Es que la relación entre creación, obra concreta y su confrontación con un público determinado es una compleja red de fenómenos relacionales en permanente resignificación. Una sociedad no siempre quiere verse ni reconocerse, al menos no del modo representado. Eso a veces cambia y a veces no.
El documental intenta preguntar y responder cómo y por qué se filmó semejante película con algunos de los travellings más emblemáticos de la historia del cine. El cubano Enrique Pineda Barnet, que fue co-guionista, dice que “todavía me estoy preguntando qué película querían hacer”. Y más adelante aclara: “Querían hacer una película poética, un gran poema épico de aliento romántico sobre la revolución cubana. Y hay que decir que eso estaba en nosotros, en el espíritu de la Cuba de esos años. Estaba en mí. Yo veía los hechos en grande, de esa manera epopéyica y me entusiasmaba la idea”.
Un soviético en Cuba
A inicios de los 60 llegaban a Cuba todo tipo de intelectuales para impregnarse de la primavera de la revolución. Algunos eran cineastas. La temprana creación del ICAIC en marzo de 1959, entre los primeros decretos del nuevo gobierno, fue como la propia revolución cubana en su sentido político y metodológico: un escándalo teórico. Es decir, algo que rompió paradigmas, no solo los conservadores sino también los revolucionarios.
En 1961 llegó un enorme grupo de trabajo del Comité Estatal de Cine de la URSS y de los Estudios MOSFILM para iniciar la colaboración en un ambicioso proyecto: mostrar al mundo la epopeya de la lucha revolucionaria cubana. Allí se planteó la idea de realizar una película sin tener idea de cuál, pero con la intención de plasmar la solidaridad de la URSS. Los soviéticos propusieron a Kalatozov, un director que se hallaba en la cima de su carrera ya que había ganado la Palma de oro de Cannes en 1958 con su filme más recordado: Vuelan las grullas. Además, trabajaría en colaboración con su director de fotografía habitual, Sergei Urusevsky y el guión del poeta Evgueni Evtushenko, aparte de un grupo de técnicos conformado por más de cien personas.
Choque cultural
Los soviéticos no se desprendieron del romanticismo y querían hacer algo grandioso. Aunque hablaban de Cuba como algo nuevo, se imponía la épica soviética, un desencuentro entre el caribe y el alma eslava. ¿Era puro realismo socialista? Soy Cuba no encaja en sus férreas definiciones pero se le parece demasiado.
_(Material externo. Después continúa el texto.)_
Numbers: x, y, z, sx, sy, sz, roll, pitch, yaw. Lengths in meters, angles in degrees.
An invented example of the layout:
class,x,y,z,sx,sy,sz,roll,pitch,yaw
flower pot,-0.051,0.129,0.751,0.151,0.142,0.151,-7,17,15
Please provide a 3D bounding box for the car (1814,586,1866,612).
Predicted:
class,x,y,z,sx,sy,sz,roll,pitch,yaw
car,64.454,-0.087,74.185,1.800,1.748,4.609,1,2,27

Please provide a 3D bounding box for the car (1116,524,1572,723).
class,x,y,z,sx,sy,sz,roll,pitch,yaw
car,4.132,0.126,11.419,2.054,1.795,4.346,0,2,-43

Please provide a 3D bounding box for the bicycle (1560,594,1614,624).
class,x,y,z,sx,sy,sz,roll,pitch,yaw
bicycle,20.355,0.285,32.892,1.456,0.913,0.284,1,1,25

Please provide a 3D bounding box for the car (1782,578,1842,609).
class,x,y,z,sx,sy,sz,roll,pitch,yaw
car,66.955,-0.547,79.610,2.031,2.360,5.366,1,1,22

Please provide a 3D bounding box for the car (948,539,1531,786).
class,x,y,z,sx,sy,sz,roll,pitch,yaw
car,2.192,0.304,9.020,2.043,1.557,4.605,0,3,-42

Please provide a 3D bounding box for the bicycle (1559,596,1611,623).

La película consta de cuatro historias, todas antes de la revolución, empezando por la elegante juerga de los ricos extranjeros en la Cuba de Batista, el drama campesino contra la United Fruit Company, la lucha estudiantil ante la represión y la insurrección que logra el triunfo.
Uno de los varios plano-secuencia memorables es el del cortejo fúnebre de un estudiante, donde la cámara vuela entre edificios y dentro de ellos, sin steadycam ni drones. Otro es en la terraza de un lujoso hotel. La cámara deambula entre la gente que asiste a un desfile de modelos en bikini y capelinas para regocijo de ricachones que no paran de reír, beber, comer y bailar en una típica diversión de clase alta. Al fondo de la terraza se ve un cielo cargado de nubes y el mar de la bahía con su malecón. La cámara se acerca a un locutor, que desde un balcón incita al aplauso. Tras él se ven altos edificios y otra terraza más abajo con una gran piscina. La cámara inicia el descenso ante la reja del balcón pero pasa a través de esta hacia abajo, hasta que panea a la izquierda y desciende junto a la pared mostrando una vista de calles y más terrazas llenas de gente alegre que se divierte. Sigue bajando hasta la otra terraza con la piscina, vuelve a deambular entre la gente y sigue a una bella joven caminar e ingresar en el agua.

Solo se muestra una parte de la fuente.